Doctors may use a tool called the Diagnostic and Statistical Manual of Mental Disorders (DSM–5), which lists criteria for mental health disorders. Adjustment disorder also appears in the international medical classification list known as the ICD-10.
Doctors can use these manuals to check that a person’s symptoms meet the criteria for adjustment disorder rather than another mental health condition.
A doctor will assess a person’s symptoms, ask about their medical history, and carry out a psychiatric evaluation to diagnose adjustment disorder. This examination helps rule out any other possible mental health conditions.
A doctor may interview people about any recent events that could have triggered adjustment disorder. They will also look at an individual’s personal history of emotional and behavioral patterns.
In children, doctors may check if development is as they expect, as this can affect emotional and behavioral responses.
A doctor may use the DSM-5 to check that symptoms match the criteria of adjustment disorder, rather than another mental health condition.
In some cases, they may recommend blood and urine tests to ensure that another condition is not causing the symptoms.
Psychotherapy, or talk therapy, may help people overcome adjustment disorder.
A person may meet one-to-one with a psychotherapist to work through emotional and mental symptoms of the disorder. Others may find group therapy helpful in redeveloping social and interpersonal skills.

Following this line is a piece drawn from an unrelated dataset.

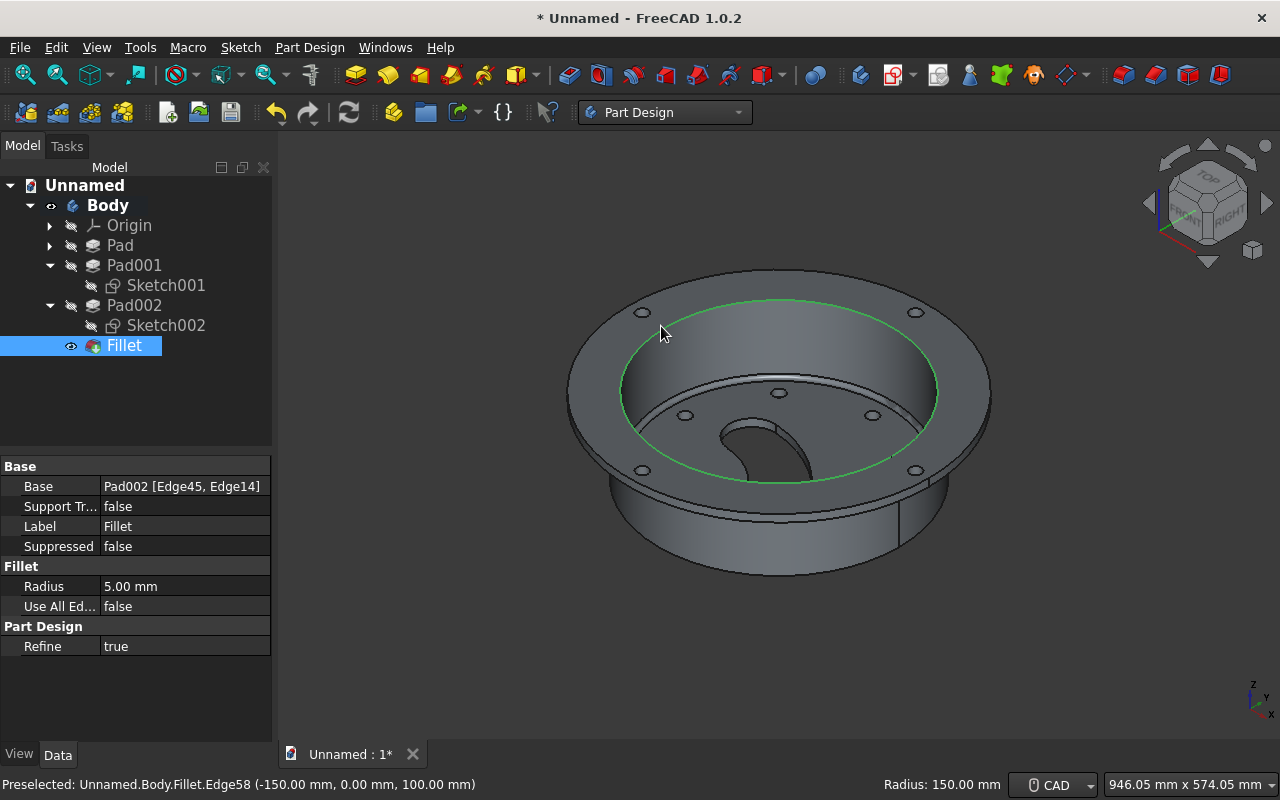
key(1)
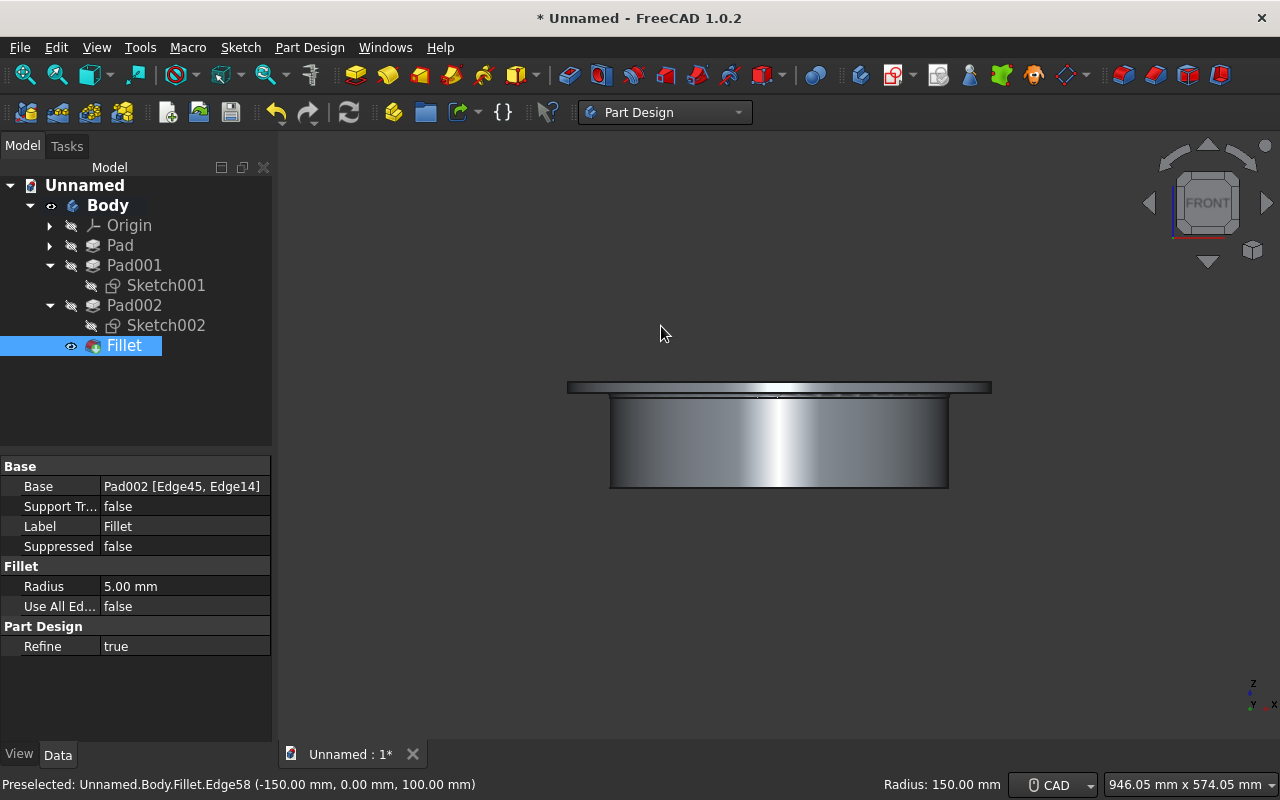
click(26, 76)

One approach may include cognitive behavioral therapy (CBT). This technique focuses on changing thought patterns to help people problem-solve issues and develop positive coping methods.
Children or family members with adjustment disorder may benefit from family therapy.
Family members will work together with a therapist to make positive changes, such as improved communication, interactions, and greater support within the family.
In some cases, a doctor may prescribe medication alongside psychotherapy treatment for symptoms such as depression and anxiety. Medication is not usually the first line of treatment in adjustment disorders, however.
Adjustment disorder is an extreme reaction to a stressful life event or significant change. It can affect people of any age. Changes to family structures, divorce, or moving can all trigger adjustment disorder.
People may experience feelings of depression, anxiety, or hopelessness. They may withdraw socially, feel more tearful than usual, or have difficulty sleeping.
Children and teenagers, in particular, may show disruptive behavior.
Adjustment disorder happens within 3 months of a stressful event, and usually lasts no longer than 6 months after the event, and its consequences resolve.
People can see their doctor if they show symptoms of adjustment disorder. A doctor may refer them to a mental health professional, such as a psychotherapist. Talking therapies can help someone overcome adjustment disorder.